Christoph Böll wagt sich an eine filmische Annäherung an die „Situation Kunst” und den Kunsthistoriker Max Imdahl.

Das „Terminal” von Richard Serra – ein so gewagtes wie gewichtiges Kunstwerk. Seit 30 Jahren hält es in rostiger Präsenz stille Wacht vorm Hauptbahnhof. Inzwischen ist der Trumm ein Bochumer Symbol geworden, an dem mancher schon achtlos vorbei geht.

Genau hingucken

Zwei, die immer noch genau hingucken, wenn sie am „Terminal” vorbei kommen, sind Christoph Böll (59), der Filmemacher, und Peter Lohmeyer (47), der Schauspieler. Dieser Tage unterzogen sie wieder einmal der Serra-Plastik eine persönliche Visitation, und das aus gutem Grund. Wie berichtet, arbeitet Böll zurzeit an einer filmischen Dokumentation über die „Situation Kunst” und den unvergessenen Bochumer Kunsthistoriker Max Imdahl (1925-1988). „Die Aufstellung des ,Terminals' war 1979 mit einer unglaublich emotionalen Auseinandersetzung verbunden”, erinnert sich Böll. Und Imdahl war ein Wegbereiter der damals nicht selbstverständlichen Entwicklung, sich mit modernen Kunst zu konfrontieren.

Allerlei Recherchen

Böll hat in den letzten Monaten allerlei Recherchen angestellt. Er suchte und fand in Archiven Film-Dokumente über Imdahl aus den 70er Jahren, er interviewte Zeitzeugen, etwa den früheren Vorsitzenden des Kulturausschausses, Fritz Bahlo, sowie Weggefährten Imdahls aus dem Umfeld der Ruhr-Uni. Und er nahm sich Zeit, um die „Situation Kunst” im Weitmarer Schlosspark, jene Ausstellung mit fernöstlicher und zeitgenössischer Kunst, die Imdahl gewidmet ist, mit der Kamera zu ergründen. Es entstanden stille, emotionale, ungemein kraftvolle Bilder, in denen die „Kunst” zu reden anfängt.
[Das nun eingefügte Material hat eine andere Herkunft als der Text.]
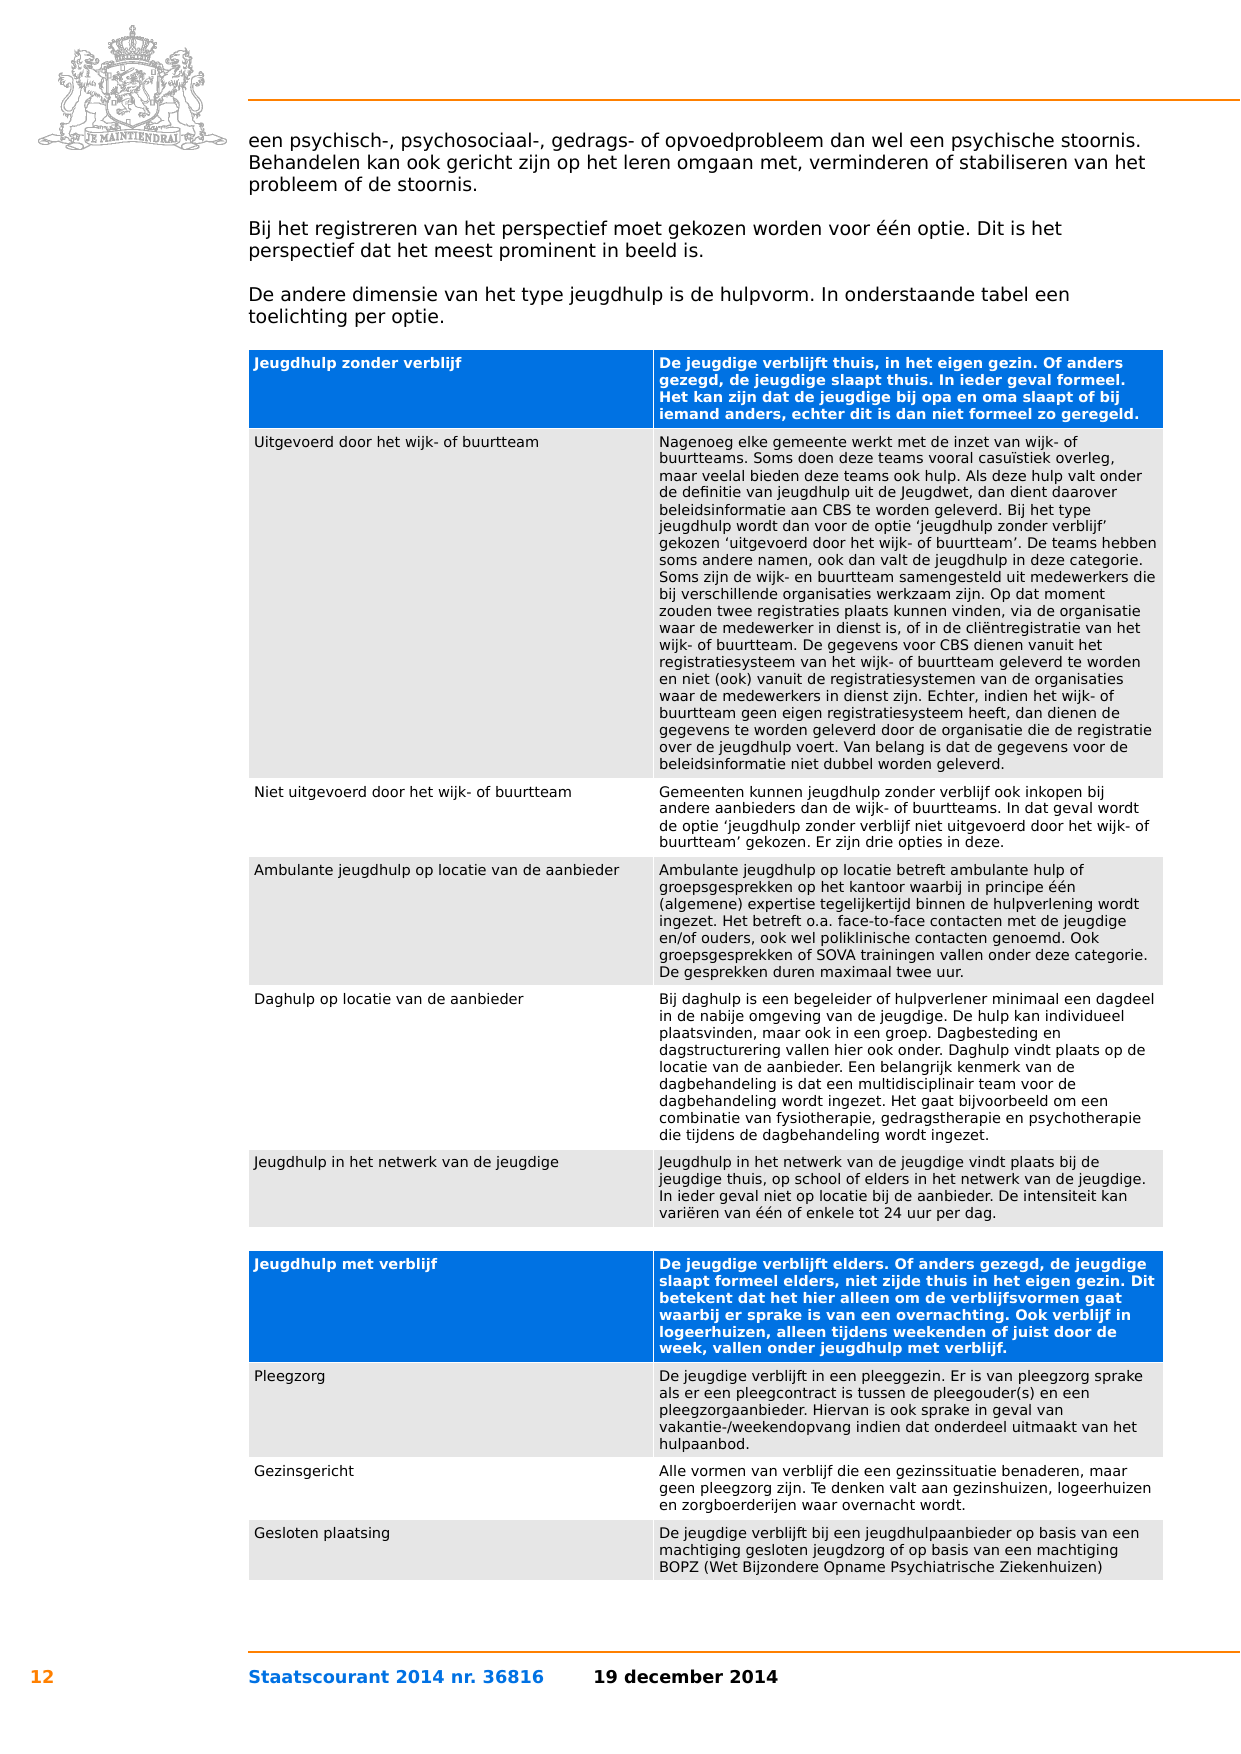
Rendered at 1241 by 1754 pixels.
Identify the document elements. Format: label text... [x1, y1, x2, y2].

table_cell Jeugdhulp in het netwerk van de jeugdige [249, 1150, 653, 1227]
table_header Jeugdhulp zonder verblijf [249, 350, 653, 428]
table_cell Bij daghulp is een begeleider of hulpverlener minimaal een dagdeel in de nabije omgeving van de jeugdige. De hulp kan individueel plaatsvinden, maar ook in een groep. Dagbesteding en dagstructurering vallen hier ook onder. Daghulp vindt plaats op de locatie van de aanbieder. Een belangrijk kenmerk van de dagbehandeling is dat een multidisciplinair team voor de dagbehandeling wordt ingezet. Het gaat bijvoorbeeld om een combinatie van fysiotherapie, gedragstherapie en psychotherapie die tijdens de dagbehandeling wordt ingezet. [654, 986, 1163, 1148]
table_cell Niet uitgevoerd door het wijk- of buurtteam [249, 779, 653, 856]
table_cell Alle vormen van verblijf die een gezinssituatie benaderen, maar geen pleegzorg zijn. Te denken valt aan gezinshuizen, logeerhuizen en zorgboerderijen waar overnacht wordt. [654, 1459, 1163, 1519]
table_header De jeugdige verblijft elders. Of anders gezegd, de jeugdige slaapt formeel elders, niet zijde thuis in het eigen gezin. Dit betekent dat het hier alleen om de verblijfsvormen gaat waarbij er sprake is van een overnachting. Ook verblijf in logeerhuizen, alleen tijdens weekenden of juist door de week, vallen onder jeugdhulp met verblijf. [654, 1251, 1163, 1362]
table_cell Uitgevoerd door het wijk- of buurtteam [249, 429, 653, 778]
table_cell Ambulante jeugdhulp op locatie betreft ambulante hulp of groepsgesprekken op het kantoor waarbij in principe één (algemene) expertise tegelijkertijd binnen de hulpverlening wordt ingezet. Het betreft o.a. face-to-face contacten met de jeugdige en/of ouders, ook wel poliklinische contacten genoemd. Ook groepsgesprekken of SOVA trainingen vallen onder deze categorie. De gesprekken duren maximaal twee uur. [654, 857, 1163, 985]
table_cell Daghulp op locatie van de aanbieder [249, 986, 653, 1148]
table_cell Pleegzorg [249, 1363, 653, 1457]
table_cell Nagenoeg elke gemeente werkt met de inzet van wijk- of buurtteams. Soms doen deze teams vooral casuïstiek overleg, maar veelal bieden deze teams ook hulp. Als deze hulp valt onder de definitie van jeugdhulp uit de Jeugdwet, dan dient daarover beleidsinformatie aan CBS te worden geleverd. Bij het type jeugdhulp wordt dan voor de optie ‘jeugdhulp zonder verblijf’ gekozen ‘uitgevoerd door het wijk- of buurtteam’. De teams hebben soms andere namen, ook dan valt de jeugdhulp in deze categorie. Soms zijn de wijk- en buurtteam samengesteld uit medewerkers die bij verschillende organisaties werkzaam zijn. Op dat moment zouden twee registraties plaats kunnen vinden, via de organisatie waar de medewerker in dienst is, of in de cliëntregistratie van het wijk- of buurtteam. De gegevens voor CBS dienen vanuit het registratiesysteem van het wijk- of buurtteam geleverd te worden en niet (ook) vanuit de registratiesystemen van de organisaties waar de medewerkers in dienst zijn. Echter, indien het wijk- of buurtteam geen eigen registratiesysteem heeft, dan dienen de gegevens te worden geleverd door de organisatie die de registratie over de jeugdhulp voert. Van belang is dat de gegevens voor de beleidsinformatie niet dubbel worden geleverd. [654, 429, 1163, 778]
table_cell Gezinsgericht [249, 1459, 653, 1519]
table_cell Jeugdhulp in het netwerk van de jeugdige vindt plaats bij de jeugdige thuis, op school of elders in het netwerk van de jeugdige. In ieder geval niet op locatie bij de aanbieder. De intensiteit kan variëren van één of enkele tot 24 uur per dag. [654, 1150, 1163, 1227]
picture [38, 25, 227, 150]
text Bij het registreren van het perspectief moet gekozen worden voor één optie. Dit is het perspectief dat het meest prominent in beeld is. [248, 218, 1163, 262]
text De andere dimensie van het type jeugdhulp is de hulpvorm. In onderstaande tabel een toelichting per optie. [248, 283, 1163, 327]
table_header Jeugdhulp met verblijf [249, 1251, 653, 1362]
table_cell Ambulante jeugdhulp op locatie van de aanbieder [249, 857, 653, 985]
table_header De jeugdige verblijft thuis, in het eigen gezin. Of anders gezegd, de jeugdige slaapt thuis. In ieder geval formeel. Het kan zijn dat de jeugdige bij opa en oma slaapt of bij iemand anders, echter dit is dan niet formeel zo geregeld. [654, 350, 1163, 428]
table_cell De jeugdige verblijft bij een jeugdhulpaanbieder op basis van een machtiging gesloten jeugdzorg of op basis van een machtiging BOPZ (Wet Bijzondere Opname Psychiatrische Ziekenhuizen) [654, 1520, 1163, 1580]
table_cell Gesloten plaatsing [249, 1520, 653, 1580]
table_cell Gemeenten kunnen jeugdhulp zonder verblijf ook inkopen bij andere aanbieders dan de wijk- of buurtteams. In dat geval wordt de optie ‘jeugdhulp zonder verblijf niet uitgevoerd door het wijk- of buurtteam’ gekozen. Er zijn drie opties in deze. [654, 779, 1163, 856]
text een psychisch-, psychosociaal-, gedrags- of opvoedprobleem dan wel een psychische stoornis. Behandelen kan ook gericht zijn op het leren omgaan met, verminderen of stabiliseren van het probleem of de stoornis. [248, 130, 1163, 196]
table_cell De jeugdige verblijft in een pleeggezin. Er is van pleegzorg sprake als er een pleegcontract is tussen de pleegouder(s) en een pleegzorgaanbieder. Hiervan is ook sprake in geval van vakantie-/weekendopvang indien dat onderdeel uitmaakt van het hulpaanbod. [654, 1363, 1163, 1457]
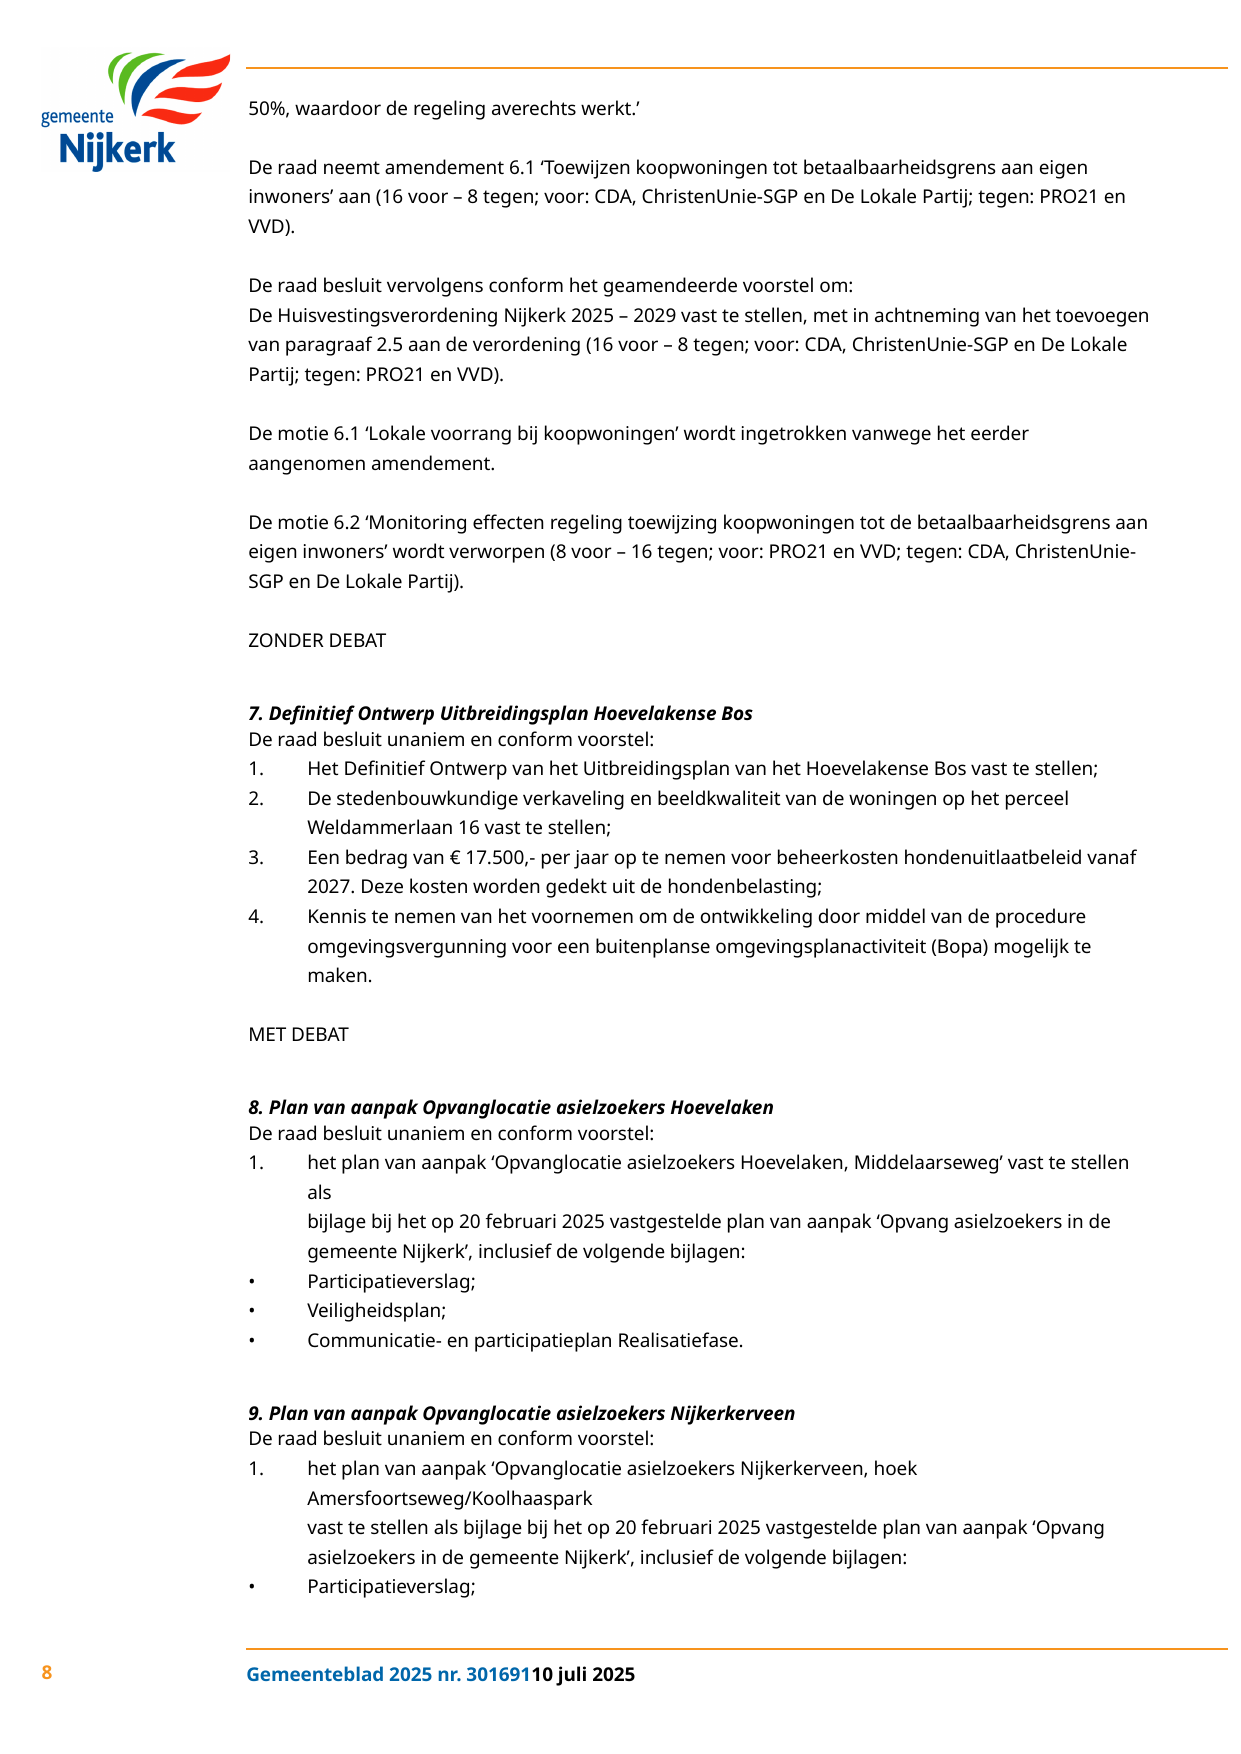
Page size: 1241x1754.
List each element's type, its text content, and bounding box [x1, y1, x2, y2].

list het plan van aanpak ‘Opvanglocatie asielzoekers Nijkerkerveen, hoek Amersfoortseweg/Koolhaaspark [248, 1455, 1152, 1510]
list het plan van aanpak ‘Opvanglocatie asielzoekers Hoevelaken, Middelaarseweg’ vast te stellen als [248, 1149, 1152, 1205]
picture [41, 47, 231, 172]
text De raad besluit unaniem en conform voorstel: [248, 726, 1152, 751]
list Communicatie- en participatieplan Realisatiefase. [248, 1327, 1152, 1353]
list asielzoekers in de gemeente Nijkerk’, inclusief de volgende bijlagen: [248, 1544, 1152, 1569]
text De motie 6.2 ‘Monitoring effecten regeling toewijzing koopwoningen tot de betaalbaarheidsgrens aan eigen inwoners’ wordt verworpen (8 voor – 16 tegen; voor: PRO21 en VVD; tegen: CDA, ChristenUnie-SGP en De Lokale Partij). [248, 509, 1152, 594]
text 9. Plan van aanpak Opvanglocatie asielzoekers Nijkerkerveen [248, 1400, 1152, 1426]
list Het Definitief Ontwerp van het Uitbreidingsplan van het Hoevelakense Bos vast te stellen; [248, 755, 1152, 781]
list Kennis te nemen van het voornemen om de ontwikkeling door middel van de procedure omgevingsvergunning voor een buitenplanse omgevingsplanactiviteit (Bopa) mogelijk te maken. [248, 903, 1152, 988]
text 8. Plan van aanpak Opvanglocatie asielzoekers Hoevelaken [248, 1094, 1152, 1120]
text De raad besluit vervolgens conform het geamendeerde voorstel om: [248, 272, 1152, 298]
text De raad besluit unaniem en conform voorstel: [248, 1426, 1152, 1451]
list vast te stellen als bijlage bij het op 20 februari 2025 vastgestelde plan van aanpak ‘Opvang [248, 1514, 1152, 1540]
text 7. Definitief Ontwerp Uitbreidingsplan Hoevelakense Bos [248, 700, 1152, 726]
text 50%, waardoor de regeling averechts werkt.’ [248, 95, 1152, 121]
text De motie 6.1 ‘Lokale voorrang bij koopwoningen’ wordt ingetrokken vanwege het eerder aangenomen amendement. [248, 420, 1152, 476]
text De Huisvestingsverordening Nijkerk 2025 – 2029 vast te stellen, met in achtneming van het toevoegen van paragraaf 2.5 aan de verordening (16 voor – 8 tegen; voor: CDA, ChristenUnie-SGP en De Lokale Partij; tegen: PRO21 en VVD). [248, 302, 1152, 387]
list Participatieverslag; [248, 1573, 1152, 1599]
list Een bedrag van € 17.500,- per jaar op te nemen voor beheerkosten hondenuitlaatbeleid vanaf 2027. Deze kosten worden gedekt uit de hondenbelasting; [248, 844, 1152, 899]
list bijlage bij het op 20 februari 2025 vastgestelde plan van aanpak ‘Opvang asielzoekers in de gemeente Nijkerk’, inclusief de volgende bijlagen: [248, 1209, 1152, 1264]
text ZONDER DEBAT [248, 627, 1152, 653]
text De raad besluit unaniem en conform voorstel: [248, 1120, 1152, 1146]
list De stedenbouwkundige verkaveling en beeldkwaliteit van de woningen op het perceel Weldammerlaan 16 vast te stellen; [248, 785, 1152, 840]
list Veiligheidsplan; [248, 1297, 1152, 1323]
list Participatieverslag; [248, 1268, 1152, 1294]
text De raad neemt amendement 6.1 ‘Toewijzen koopwoningen tot betaalbaarheidsgrens aan eigen inwoners’ aan (16 voor – 8 tegen; voor: CDA, ChristenUnie-SGP en De Lokale Partij; tegen: PRO21 en VVD). [248, 154, 1152, 239]
text MET DEBAT [248, 1022, 1152, 1047]

Annäherungen an die karge Kunst

Einer , der die sperrigen Arbeiten in Weitmar für sich entdeckte, ist Schauspieler Peter Lohmeyer, der mit seiner Frau Sarah Wiener vor Bölls Kamera Annäherungen an die Serra-Plastik in der Situation Kunst wagte. Lohmeyer zeigt sich beeindruckt von der Präsenz des Plastischen in den kargen Ausstellungshallen. „Kunst als Begegnung mit sich selbst ist eine unglaubliche Erfahrung”, sagt der bühnen- und filmerprobte Darsteller: „Man muss sich jedoch intensiv auf diese ,Spiel', das Kunst auch immer ist, einlassen.”

"Man muss sich einlassen"

Auch Böll „lässt sich ein”. Anfangs war es die Situation Kunst, die im Vordergrund seiner filmisch-künstlerischen Aneignung stand. Dann ging die Recherche tiefer, und immer wieder fand er beim Graben in der Vergangenheit Spuren und Einschätzungen von Max Imdahl. „Man macht eine Tür auf und stößt sofort wieder auf Neues”, beschreibt Böll den Arbeitsprozess für seinen Film-Essay, Arbeitstitel: „Sehenden Auges.

Emotionaler Zugang des Zuschauers

Wann seine Reflexion über Kunst, Kunstverständnis und Kunstvermittlung „fertig” sein wird, kann der Regisseur (noch) nicht sagen. Sein Plan ist es, dem „Terminal”, ja: der Konkreten Kunst überhaupt, die Möglichkeiten zu geben, möglichst beredet „sich selbst zu erklären”, mithin einen Film zu drehen, der es dem Zuschauer ermöglicht, emotionalen Zugang zu der oft als sperrig aufgefassten Kunst aufzubauen. Dabei hat er ein Vorbild: Wer Max Imdahl nämlich bezüglich eines Kunstwerks verständnislos sagte „Damit kann ich nichts anfangen!”, dem antwortet er: „Dann fang' doch mal an, anzufangen!”

Christoph Böll möchte diesen Anfang wagen.